» Task to carry out:
Reproduce exactly the lines from the one that holds "Find the text" through the last line of the entries, both ends included, but not the pictures.

'''

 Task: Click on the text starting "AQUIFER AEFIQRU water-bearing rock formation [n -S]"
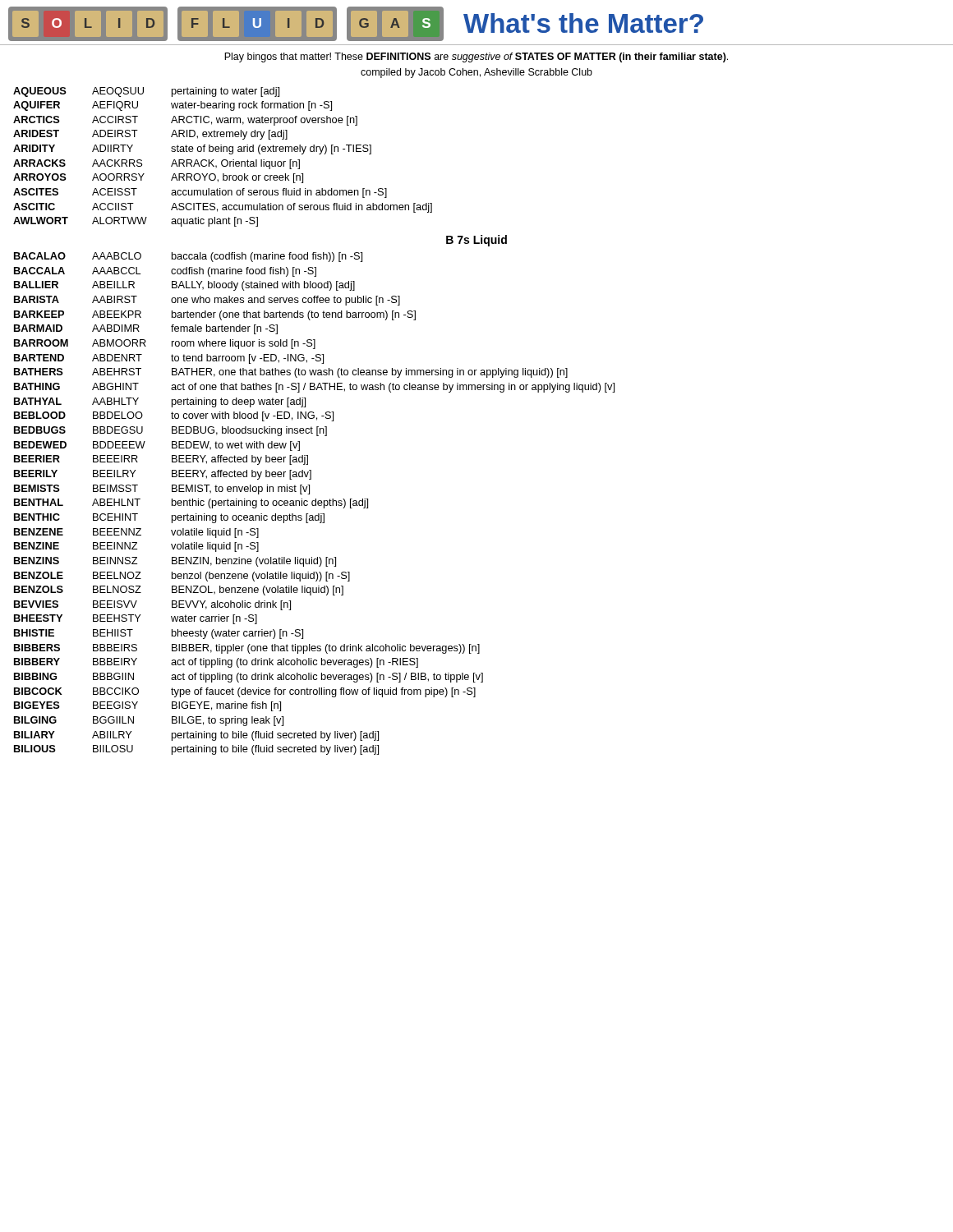click(173, 106)
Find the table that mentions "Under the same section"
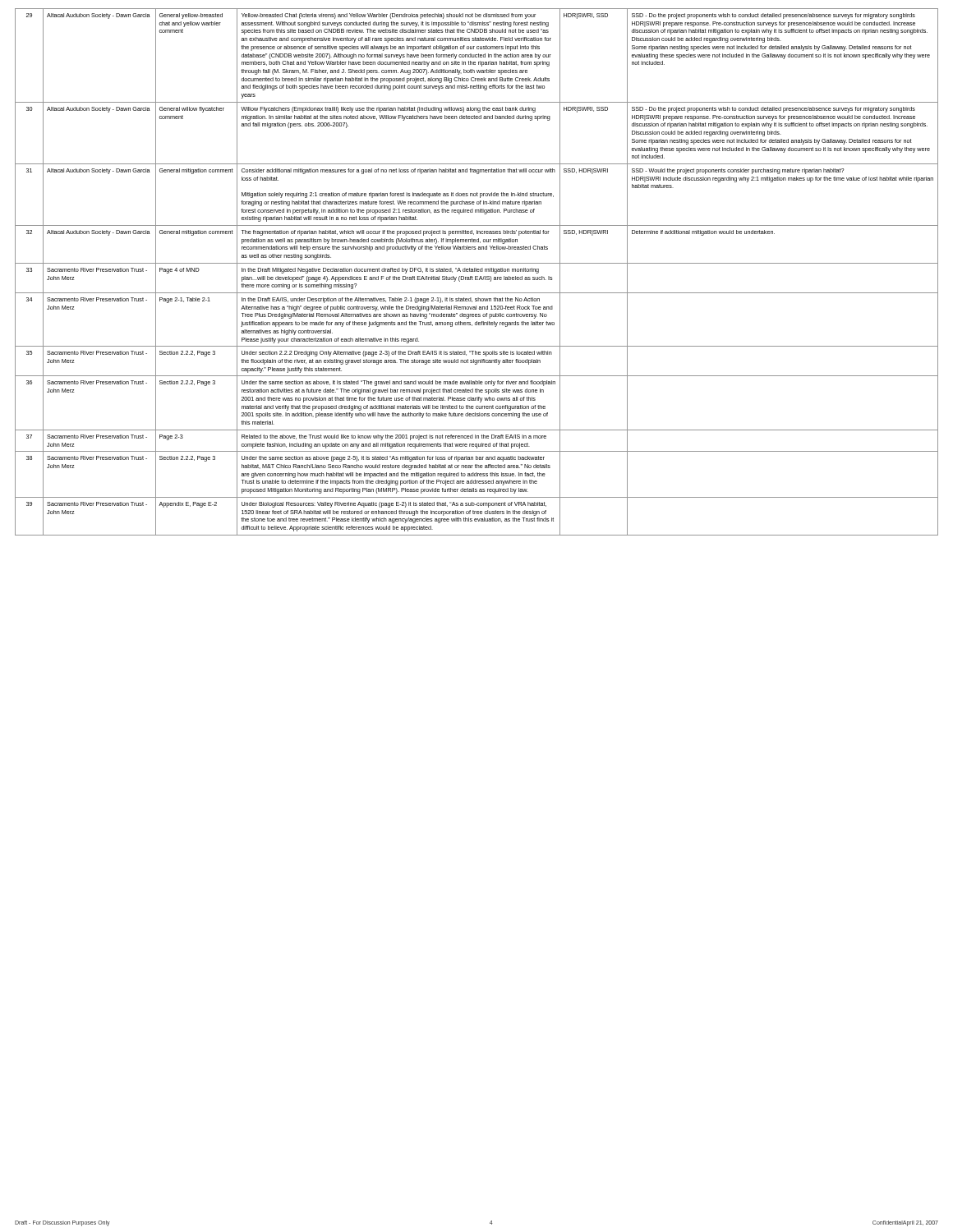 point(476,272)
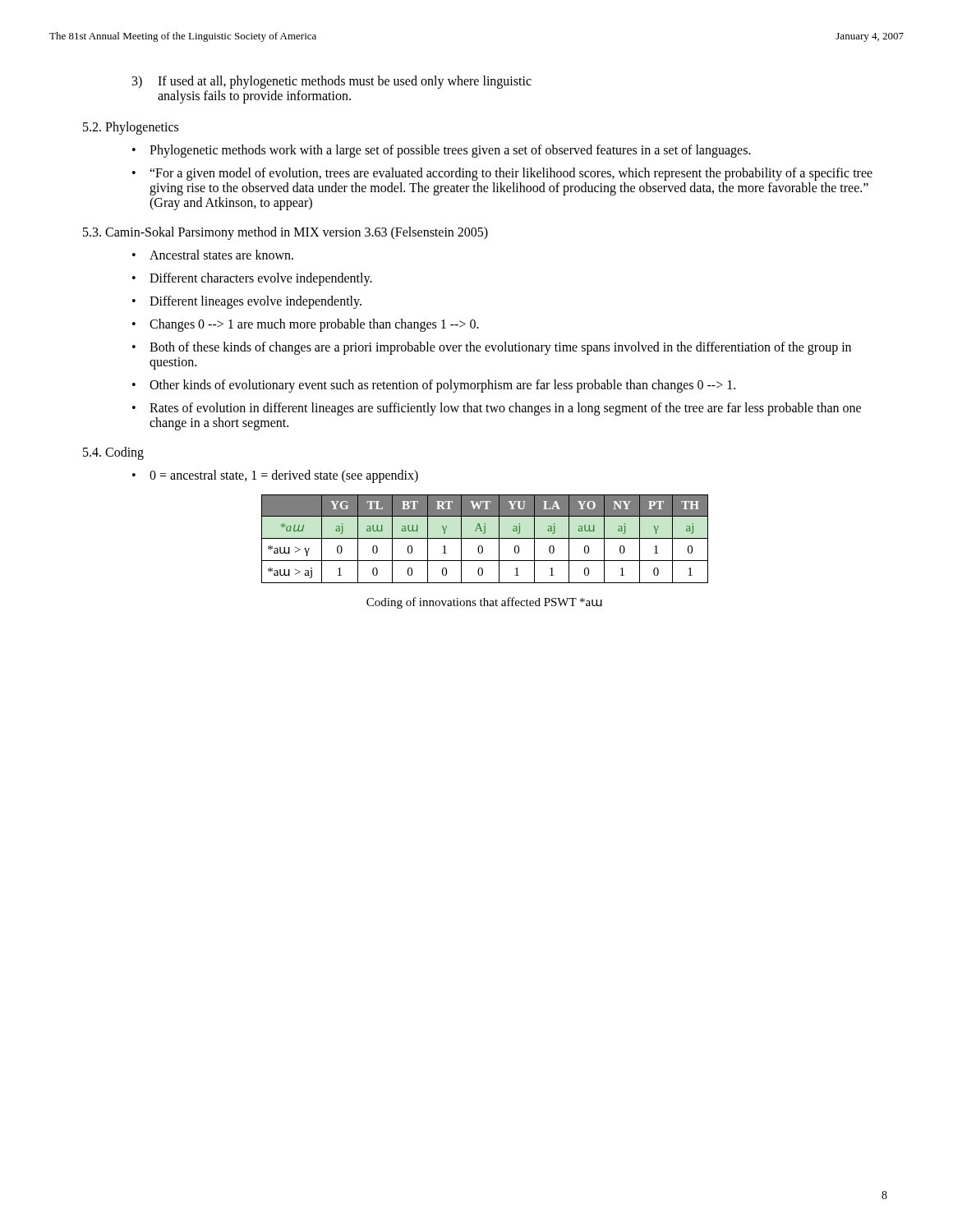The height and width of the screenshot is (1232, 953).
Task: Point to the text block starting "• 0 = ancestral state, 1"
Action: click(x=275, y=476)
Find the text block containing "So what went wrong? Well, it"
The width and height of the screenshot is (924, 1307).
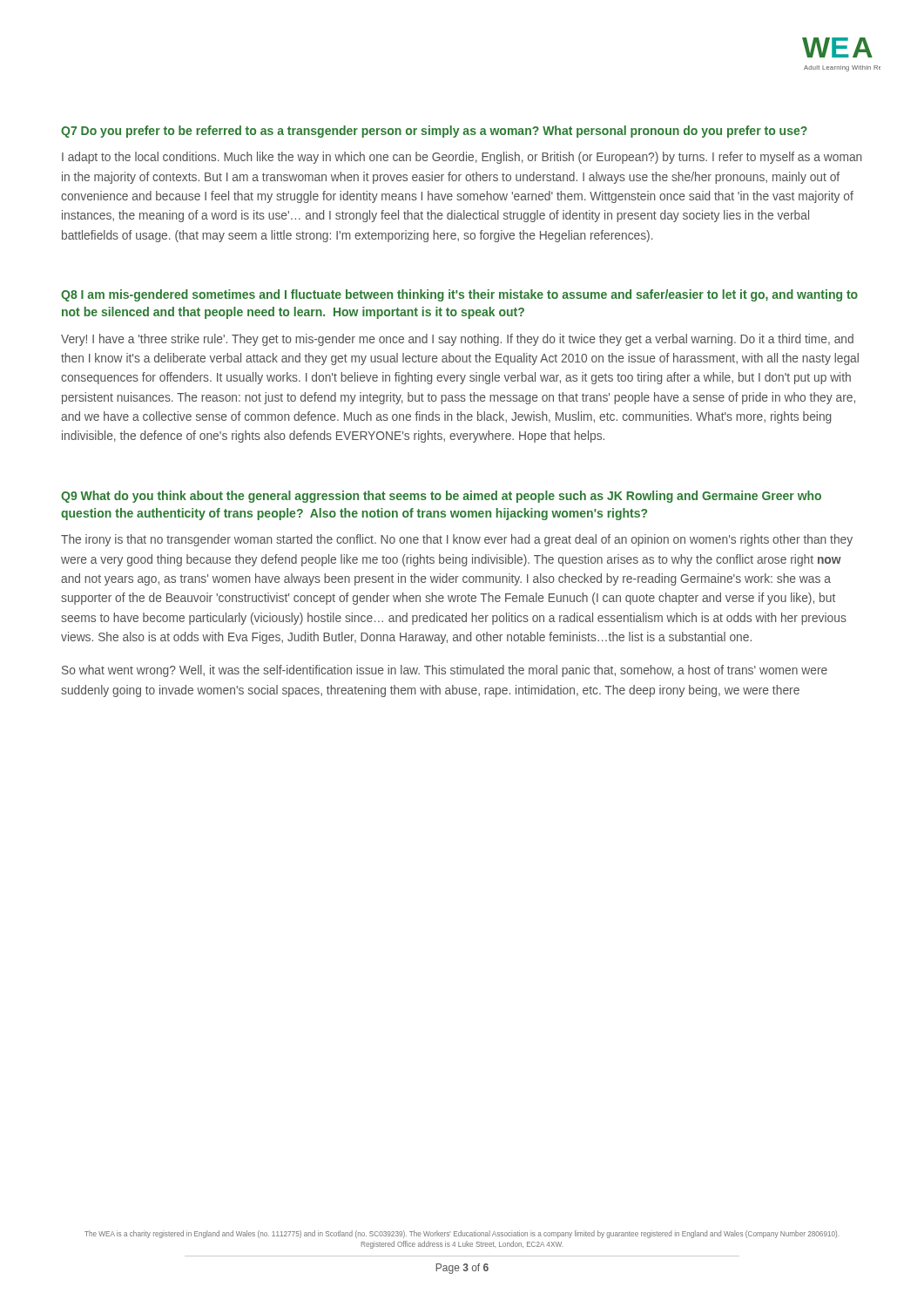(444, 680)
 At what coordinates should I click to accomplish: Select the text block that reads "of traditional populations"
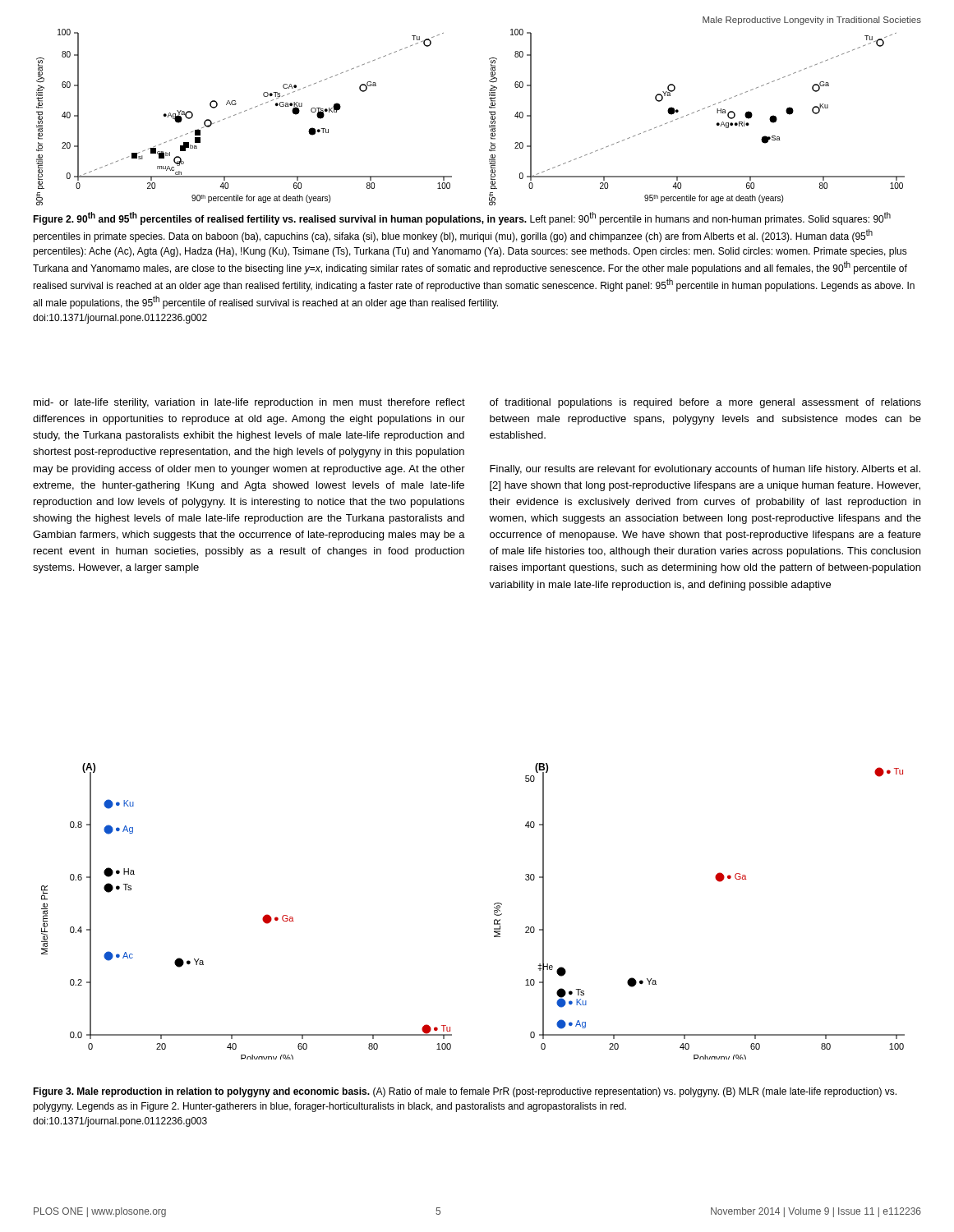point(705,493)

'''

» Answer box:
Find the text block containing "So what went wrong? Well, it"
The width and height of the screenshot is (924, 1307).
(444, 680)
 At what coordinates should I click to accomplish: Select the text block that reads "of traditional populations"
point(705,493)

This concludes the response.